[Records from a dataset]
........

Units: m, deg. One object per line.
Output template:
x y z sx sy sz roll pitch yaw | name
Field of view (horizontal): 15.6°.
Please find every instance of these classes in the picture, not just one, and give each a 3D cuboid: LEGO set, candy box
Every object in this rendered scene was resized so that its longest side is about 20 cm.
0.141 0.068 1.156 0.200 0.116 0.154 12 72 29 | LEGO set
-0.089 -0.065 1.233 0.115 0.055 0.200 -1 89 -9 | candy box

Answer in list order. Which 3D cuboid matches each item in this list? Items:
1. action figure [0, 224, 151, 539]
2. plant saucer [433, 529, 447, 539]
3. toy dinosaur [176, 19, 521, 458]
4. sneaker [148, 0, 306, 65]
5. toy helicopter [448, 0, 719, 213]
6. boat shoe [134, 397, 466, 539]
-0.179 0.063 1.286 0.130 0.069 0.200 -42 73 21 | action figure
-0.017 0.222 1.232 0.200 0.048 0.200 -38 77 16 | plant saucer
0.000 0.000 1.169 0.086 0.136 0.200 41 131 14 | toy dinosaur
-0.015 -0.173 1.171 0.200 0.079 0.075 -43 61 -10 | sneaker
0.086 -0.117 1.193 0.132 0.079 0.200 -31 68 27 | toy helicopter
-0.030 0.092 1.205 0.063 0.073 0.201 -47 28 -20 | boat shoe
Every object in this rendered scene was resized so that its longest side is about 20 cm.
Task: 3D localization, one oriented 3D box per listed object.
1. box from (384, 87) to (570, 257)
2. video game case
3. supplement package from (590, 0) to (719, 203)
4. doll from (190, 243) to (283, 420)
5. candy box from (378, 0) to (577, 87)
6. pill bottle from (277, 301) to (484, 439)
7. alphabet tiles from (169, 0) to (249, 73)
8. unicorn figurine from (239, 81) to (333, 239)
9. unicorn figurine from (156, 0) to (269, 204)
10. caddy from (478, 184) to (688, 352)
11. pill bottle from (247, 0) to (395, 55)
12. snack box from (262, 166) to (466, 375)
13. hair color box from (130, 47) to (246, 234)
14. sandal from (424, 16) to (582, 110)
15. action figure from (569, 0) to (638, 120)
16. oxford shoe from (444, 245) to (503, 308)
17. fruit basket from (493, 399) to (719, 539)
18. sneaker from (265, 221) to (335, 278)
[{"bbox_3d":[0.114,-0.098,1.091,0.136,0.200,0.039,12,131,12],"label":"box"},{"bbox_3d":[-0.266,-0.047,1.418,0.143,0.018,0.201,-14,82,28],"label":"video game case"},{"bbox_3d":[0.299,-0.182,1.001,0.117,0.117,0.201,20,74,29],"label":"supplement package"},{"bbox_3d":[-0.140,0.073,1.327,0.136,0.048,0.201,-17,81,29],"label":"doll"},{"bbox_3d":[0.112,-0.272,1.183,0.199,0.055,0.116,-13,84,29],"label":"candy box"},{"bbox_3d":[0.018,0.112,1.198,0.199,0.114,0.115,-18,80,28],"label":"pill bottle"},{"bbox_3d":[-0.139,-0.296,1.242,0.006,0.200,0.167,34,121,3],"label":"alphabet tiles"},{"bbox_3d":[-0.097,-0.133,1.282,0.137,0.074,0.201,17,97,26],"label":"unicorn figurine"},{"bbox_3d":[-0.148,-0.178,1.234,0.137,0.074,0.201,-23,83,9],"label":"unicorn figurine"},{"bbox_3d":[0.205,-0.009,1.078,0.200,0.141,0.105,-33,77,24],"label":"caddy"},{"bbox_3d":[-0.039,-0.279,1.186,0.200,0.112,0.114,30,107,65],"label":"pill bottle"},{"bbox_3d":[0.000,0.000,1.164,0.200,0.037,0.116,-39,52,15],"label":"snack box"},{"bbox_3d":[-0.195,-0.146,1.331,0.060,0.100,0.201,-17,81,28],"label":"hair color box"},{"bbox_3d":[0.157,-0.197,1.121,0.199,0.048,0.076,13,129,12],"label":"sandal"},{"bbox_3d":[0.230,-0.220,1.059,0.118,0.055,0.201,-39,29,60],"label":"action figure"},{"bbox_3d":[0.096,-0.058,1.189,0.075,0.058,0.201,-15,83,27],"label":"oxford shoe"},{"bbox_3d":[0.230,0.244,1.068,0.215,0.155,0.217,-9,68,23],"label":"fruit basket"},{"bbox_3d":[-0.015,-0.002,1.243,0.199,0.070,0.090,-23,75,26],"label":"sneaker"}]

........

● TASK DESCRIPTION
Look above for lines with the word "each" and copy them all.

● RESPONSE
Please find every instance of these classes in the picture, not just one, and give each a 3D cuboid: LEGO set, candy box
Answer in list order. Which 3D cuboid matches each item in this list? Items:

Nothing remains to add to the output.